## Stored items from a collection
• • • •

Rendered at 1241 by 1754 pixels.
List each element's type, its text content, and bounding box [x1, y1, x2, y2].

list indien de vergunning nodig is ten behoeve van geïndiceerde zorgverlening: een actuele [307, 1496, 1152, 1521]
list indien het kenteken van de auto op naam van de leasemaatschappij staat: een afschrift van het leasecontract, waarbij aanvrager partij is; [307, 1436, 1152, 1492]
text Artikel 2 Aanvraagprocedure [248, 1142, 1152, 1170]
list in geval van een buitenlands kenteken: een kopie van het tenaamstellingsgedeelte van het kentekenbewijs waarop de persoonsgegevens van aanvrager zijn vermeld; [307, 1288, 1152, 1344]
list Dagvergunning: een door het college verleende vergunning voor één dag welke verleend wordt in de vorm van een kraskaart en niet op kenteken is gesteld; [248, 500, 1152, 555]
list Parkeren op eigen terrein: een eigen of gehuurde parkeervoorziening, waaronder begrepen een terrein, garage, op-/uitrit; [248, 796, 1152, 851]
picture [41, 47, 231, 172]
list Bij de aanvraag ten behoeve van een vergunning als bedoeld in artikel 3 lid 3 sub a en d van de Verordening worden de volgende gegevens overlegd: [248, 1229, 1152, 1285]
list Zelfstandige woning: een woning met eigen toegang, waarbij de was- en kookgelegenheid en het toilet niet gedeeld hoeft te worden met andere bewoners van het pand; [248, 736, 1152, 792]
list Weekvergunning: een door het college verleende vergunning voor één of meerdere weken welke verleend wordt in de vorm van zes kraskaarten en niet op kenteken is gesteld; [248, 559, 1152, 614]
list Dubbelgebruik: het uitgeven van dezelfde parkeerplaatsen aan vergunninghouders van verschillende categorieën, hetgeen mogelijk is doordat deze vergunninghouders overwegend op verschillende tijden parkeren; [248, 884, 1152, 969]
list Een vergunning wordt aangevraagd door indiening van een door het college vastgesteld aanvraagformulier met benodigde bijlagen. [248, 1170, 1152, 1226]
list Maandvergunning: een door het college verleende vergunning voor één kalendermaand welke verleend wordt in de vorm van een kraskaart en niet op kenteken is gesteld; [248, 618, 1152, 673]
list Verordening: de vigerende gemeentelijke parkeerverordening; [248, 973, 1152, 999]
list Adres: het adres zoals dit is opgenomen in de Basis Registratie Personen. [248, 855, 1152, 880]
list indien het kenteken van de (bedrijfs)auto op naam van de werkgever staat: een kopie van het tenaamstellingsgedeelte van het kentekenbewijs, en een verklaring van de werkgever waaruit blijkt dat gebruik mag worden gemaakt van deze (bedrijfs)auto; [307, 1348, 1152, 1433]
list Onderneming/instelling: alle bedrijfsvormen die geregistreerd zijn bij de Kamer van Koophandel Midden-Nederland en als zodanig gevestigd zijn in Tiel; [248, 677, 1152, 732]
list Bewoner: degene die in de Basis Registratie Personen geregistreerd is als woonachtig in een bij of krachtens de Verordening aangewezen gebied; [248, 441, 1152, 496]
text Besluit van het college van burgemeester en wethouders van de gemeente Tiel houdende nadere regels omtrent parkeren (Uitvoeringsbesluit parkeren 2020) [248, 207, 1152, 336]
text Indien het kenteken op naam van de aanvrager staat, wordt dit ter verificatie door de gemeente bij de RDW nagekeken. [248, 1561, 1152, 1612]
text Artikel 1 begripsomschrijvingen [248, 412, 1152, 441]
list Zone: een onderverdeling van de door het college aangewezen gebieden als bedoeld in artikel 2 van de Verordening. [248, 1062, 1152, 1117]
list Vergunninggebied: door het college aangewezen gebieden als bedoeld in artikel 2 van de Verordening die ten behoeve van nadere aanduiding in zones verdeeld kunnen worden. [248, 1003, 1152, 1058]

• • • •

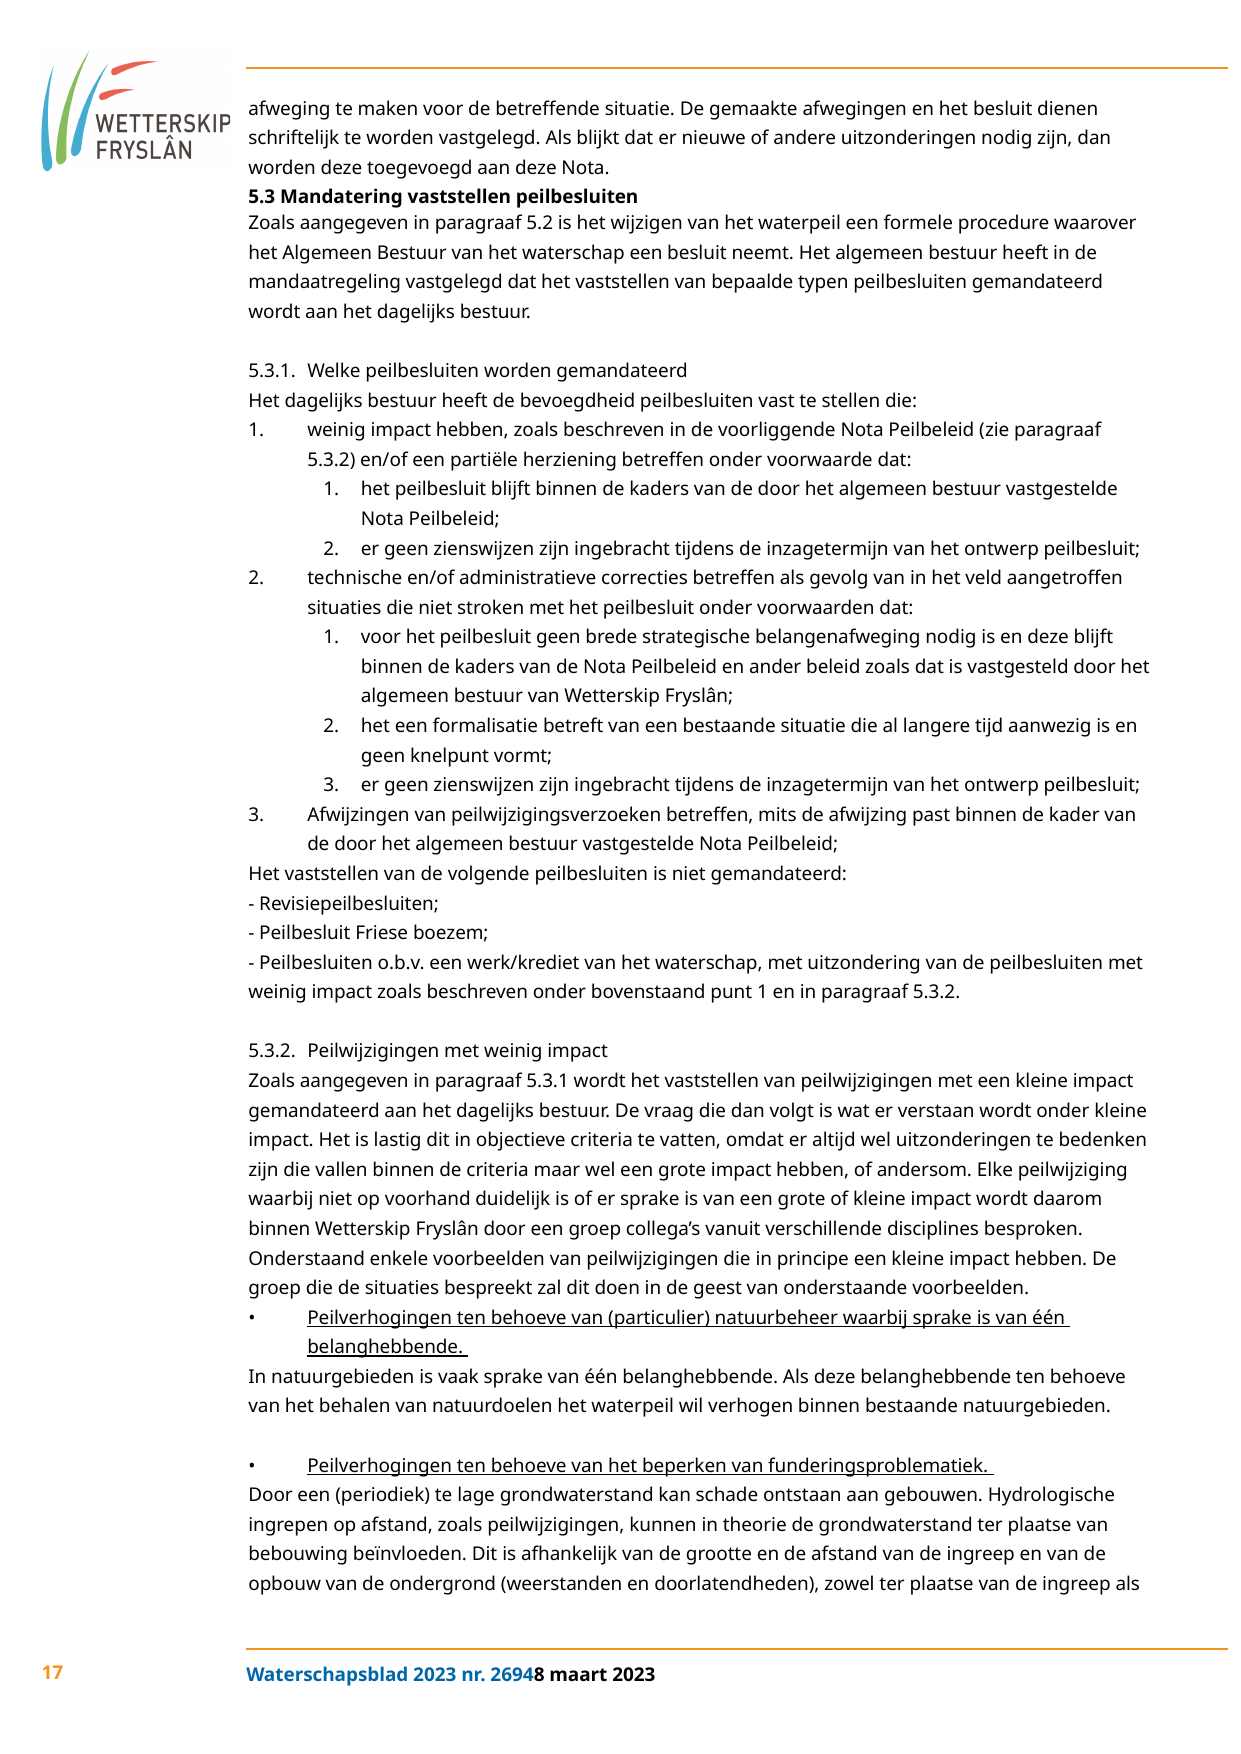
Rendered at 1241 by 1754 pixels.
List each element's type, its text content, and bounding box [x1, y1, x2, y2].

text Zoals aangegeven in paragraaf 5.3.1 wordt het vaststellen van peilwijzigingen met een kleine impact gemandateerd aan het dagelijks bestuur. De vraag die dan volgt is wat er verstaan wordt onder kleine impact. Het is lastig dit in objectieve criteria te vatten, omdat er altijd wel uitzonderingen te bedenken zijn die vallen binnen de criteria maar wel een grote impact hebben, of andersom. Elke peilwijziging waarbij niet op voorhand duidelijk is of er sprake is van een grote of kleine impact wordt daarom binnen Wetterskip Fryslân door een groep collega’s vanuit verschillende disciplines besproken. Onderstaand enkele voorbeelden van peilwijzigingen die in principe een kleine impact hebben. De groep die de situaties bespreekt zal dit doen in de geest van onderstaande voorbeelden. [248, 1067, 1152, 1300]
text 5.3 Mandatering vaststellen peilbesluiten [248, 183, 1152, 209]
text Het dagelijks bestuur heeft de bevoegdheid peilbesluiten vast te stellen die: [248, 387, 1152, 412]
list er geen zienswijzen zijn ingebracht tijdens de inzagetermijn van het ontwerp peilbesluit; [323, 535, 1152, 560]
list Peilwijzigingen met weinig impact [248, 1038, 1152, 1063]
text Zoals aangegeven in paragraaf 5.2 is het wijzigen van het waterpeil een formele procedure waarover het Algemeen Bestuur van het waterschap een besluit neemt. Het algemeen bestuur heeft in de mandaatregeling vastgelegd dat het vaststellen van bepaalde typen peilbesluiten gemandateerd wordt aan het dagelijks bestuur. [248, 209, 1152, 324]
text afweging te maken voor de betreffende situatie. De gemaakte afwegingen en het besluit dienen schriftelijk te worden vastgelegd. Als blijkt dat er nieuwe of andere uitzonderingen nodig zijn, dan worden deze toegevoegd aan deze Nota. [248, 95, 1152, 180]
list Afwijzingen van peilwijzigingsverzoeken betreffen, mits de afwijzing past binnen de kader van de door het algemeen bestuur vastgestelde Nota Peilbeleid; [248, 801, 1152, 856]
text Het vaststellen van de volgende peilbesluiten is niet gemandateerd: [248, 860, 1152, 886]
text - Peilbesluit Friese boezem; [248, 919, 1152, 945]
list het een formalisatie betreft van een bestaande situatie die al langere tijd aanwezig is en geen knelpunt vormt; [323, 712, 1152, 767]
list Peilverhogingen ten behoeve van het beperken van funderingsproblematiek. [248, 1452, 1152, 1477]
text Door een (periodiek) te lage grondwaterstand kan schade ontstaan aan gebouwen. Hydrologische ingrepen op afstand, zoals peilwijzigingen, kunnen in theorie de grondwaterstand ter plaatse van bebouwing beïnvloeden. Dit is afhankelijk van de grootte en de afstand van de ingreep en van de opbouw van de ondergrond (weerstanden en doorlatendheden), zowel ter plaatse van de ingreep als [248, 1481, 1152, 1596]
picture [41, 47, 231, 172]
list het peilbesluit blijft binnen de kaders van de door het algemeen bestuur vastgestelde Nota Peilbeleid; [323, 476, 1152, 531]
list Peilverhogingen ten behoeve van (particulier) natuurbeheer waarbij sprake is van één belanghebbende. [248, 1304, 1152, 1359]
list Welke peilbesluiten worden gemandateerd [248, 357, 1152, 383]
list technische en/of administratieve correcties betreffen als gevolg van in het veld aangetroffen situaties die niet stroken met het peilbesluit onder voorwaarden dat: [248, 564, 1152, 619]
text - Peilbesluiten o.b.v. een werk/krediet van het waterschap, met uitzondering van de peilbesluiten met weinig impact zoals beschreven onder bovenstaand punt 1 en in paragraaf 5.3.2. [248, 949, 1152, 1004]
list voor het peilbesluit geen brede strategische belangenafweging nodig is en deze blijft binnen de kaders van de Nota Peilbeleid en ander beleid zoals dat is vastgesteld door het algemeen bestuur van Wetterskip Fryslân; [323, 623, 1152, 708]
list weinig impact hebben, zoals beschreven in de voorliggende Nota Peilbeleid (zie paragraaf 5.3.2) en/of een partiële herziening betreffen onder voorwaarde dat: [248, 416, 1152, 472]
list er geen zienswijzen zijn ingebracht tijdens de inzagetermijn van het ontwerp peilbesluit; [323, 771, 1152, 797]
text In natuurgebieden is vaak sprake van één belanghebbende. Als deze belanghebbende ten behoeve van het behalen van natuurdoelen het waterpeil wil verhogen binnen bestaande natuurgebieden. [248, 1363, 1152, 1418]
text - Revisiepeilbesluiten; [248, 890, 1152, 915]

• • • •

## PROBLEM REQUIREMENTS
Print, without alteration, only the lines above between the one holding "list Peilverhogingen ten behoeve van (particulier)" and the one holding "list technische en/of", inclusive.

## FINISHED EXERCISE
list Peilverhogingen ten behoeve van (particulier) natuurbeheer waarbij sprake is van één belanghebbende. [248, 1304, 1152, 1359]
list Welke peilbesluiten worden gemandateerd [248, 357, 1152, 383]
list technische en/of administratieve correcties betreffen als gevolg van in het veld aangetroffen situaties die niet stroken met het peilbesluit onder voorwaarden dat: [248, 564, 1152, 619]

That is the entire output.